Экзотики - Салиас Евгений Андреевич 18 стр.


Это странное, неугомонное чувство засыпало и пробуждалось. Еще только года два-три назадъ, оно, казалось, совсѣмъ заснуло, стушевалось, исчезло… И вдругъ теперь всплыло и ужасно, устрашающимъ порывомъ, сказывалось опять.

День, въ который графиня Нордъ-Остъ собралась къ баронессѣ, былъ пріемный день, и большая гостиная была полна ежеминутно смѣняющимися гостями. Одни уѣзжали, другіе появлялись.

За то въ сосѣдней маленькой гостиной близъ стола съ чаемъ и тульскимъ самоваромъ — напоказъ — собрались «свои», или les intimes хозяйки.

Здѣсь всѣхъ забавлялъ болтливый и суетливый гость.

Это былъ коренастый человѣкъ лѣтъ пятидесяти слишкомъ, средняго роста, но маленькое брюшко скрадывало его ростъ. Голова его всегда свѣтилась, потому что рыжеватые волоса были тщательно гладко прилизаны и эта прическа смахивала на парикъ. Совсѣмъ красные усы, слегка подстриженные, торчали иглами и по справедливости походили на щеточки зубочистки, какъ выразилась про нихъ дочь баронессы.

Вдобавокъ лицо этого некрасиваго человѣка было усѣяно веснушками. Свѣтло-сѣрые глаза, хотя большіе, живые и быстрые, но какіе-то всегда масляные, имѣли странное выраженіе, которое многимъ молодымъ женщинамъ дѣйствовало непріятно на нервы, было гадко и противно.

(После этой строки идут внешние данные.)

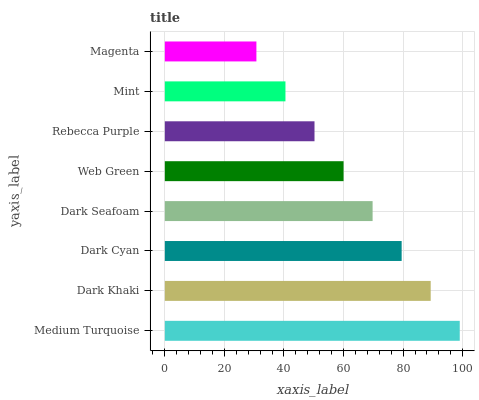Is Magenta the minimum?
Answer yes or no. Yes. Is Medium Turquoise the maximum?
Answer yes or no. Yes. Is Dark Khaki the minimum?
Answer yes or no. No. Is Dark Khaki the maximum?
Answer yes or no. No. Is Medium Turquoise greater than Dark Khaki?
Answer yes or no. Yes. Is Dark Khaki less than Medium Turquoise?
Answer yes or no. Yes. Is Dark Khaki greater than Medium Turquoise?
Answer yes or no. No. Is Medium Turquoise less than Dark Khaki?
Answer yes or no. No. Is Dark Seafoam the high median?
Answer yes or no. Yes. Is Web Green the low median?
Answer yes or no. Yes. Is Rebecca Purple the high median?
Answer yes or no. No. Is Medium Turquoise the low median?
Answer yes or no. No. 
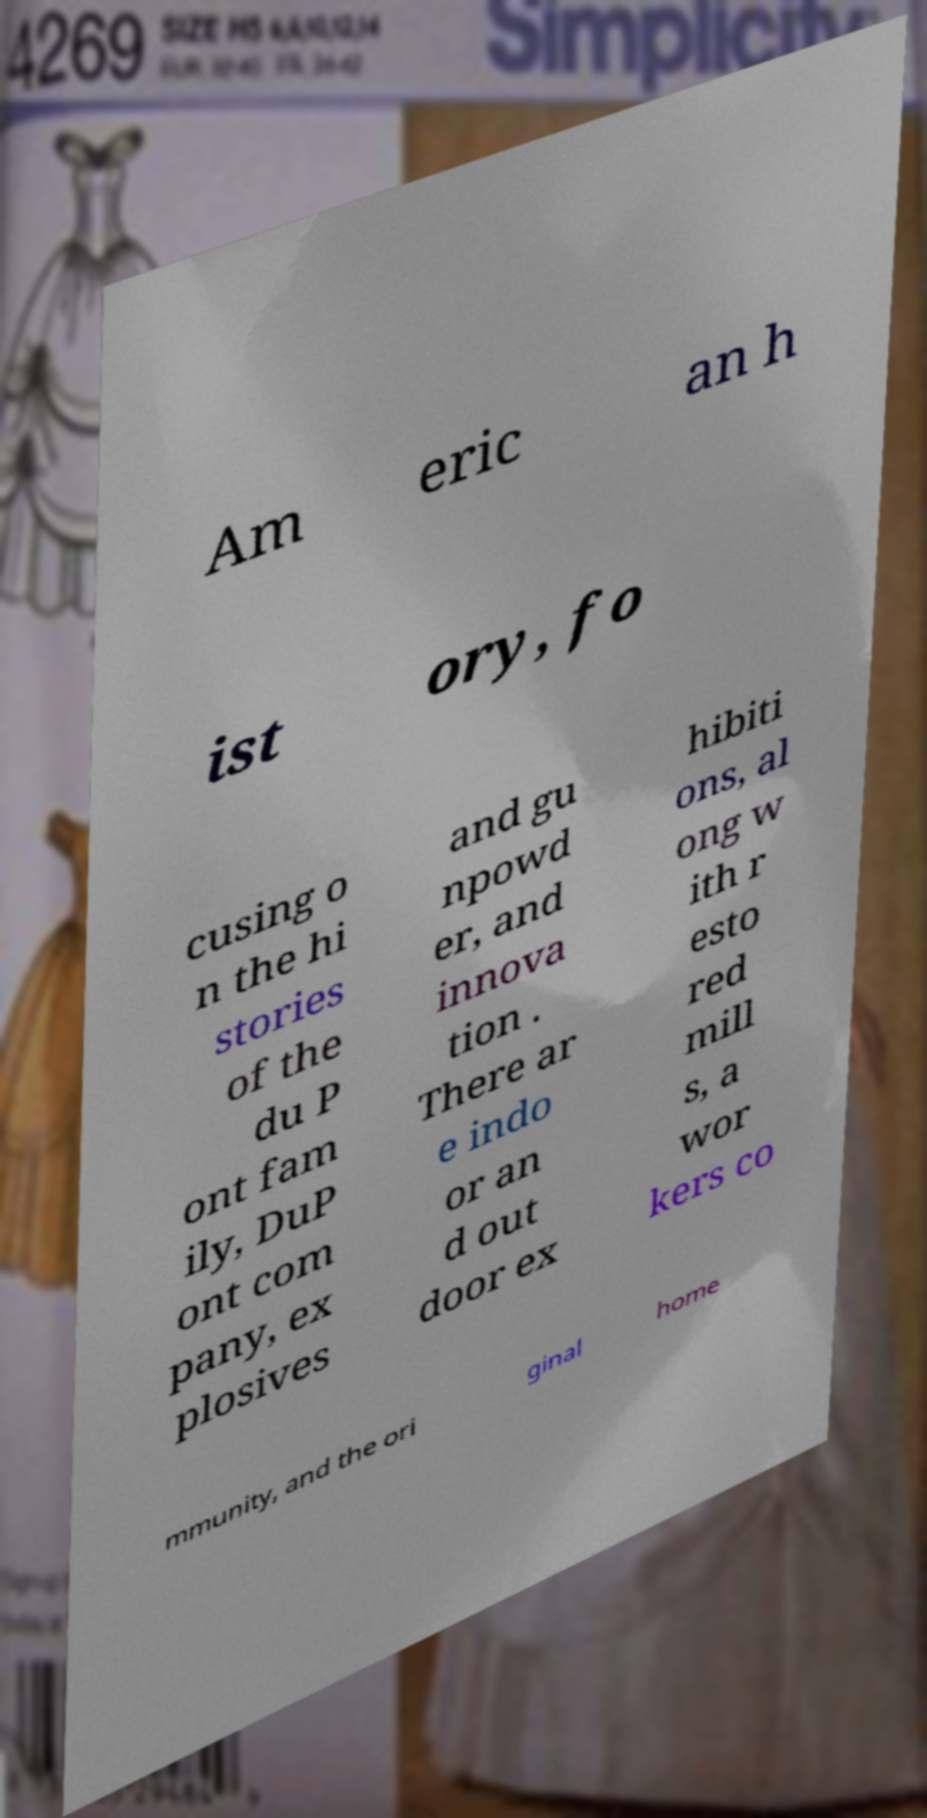There's text embedded in this image that I need extracted. Can you transcribe it verbatim? Am eric an h ist ory, fo cusing o n the hi stories of the du P ont fam ily, DuP ont com pany, ex plosives and gu npowd er, and innova tion . There ar e indo or an d out door ex hibiti ons, al ong w ith r esto red mill s, a wor kers co mmunity, and the ori ginal home

На мизинцѣ его лѣвой руки сіялъ и сверкалъ громадный черный брилліантъ, который цѣнили тысячъ въ двѣсти франковъ. На бортѣ сюртука былъ вышитъ шолкомъ оригинальный крестъ ордена «Калатравы». Въ фигурѣ этого человѣка бросались въ глаза прежде всего его неказистость и банальность. Помимо стана и чертъ лица, его смѣхъ-блеянье, его угловатые жесты, а въ особенности его походка на раздвинутыхъ, будто кривыхъ ногахъ — все было вульгарно.

Графиня Нордъ-Остъ удачно окрестила его «сатиромъ».

А между тѣмъ этотъ человѣкъ велъ свой древній родъ — одинъ изъ самыхъ древнихъ кастильскихъ — прямо отъ побочнаго сына (родословная говорила: «сына лѣвой руки») Фердинанда, «очень католическаго короля обѣихъ Кастилій и побѣдителя мавровъ».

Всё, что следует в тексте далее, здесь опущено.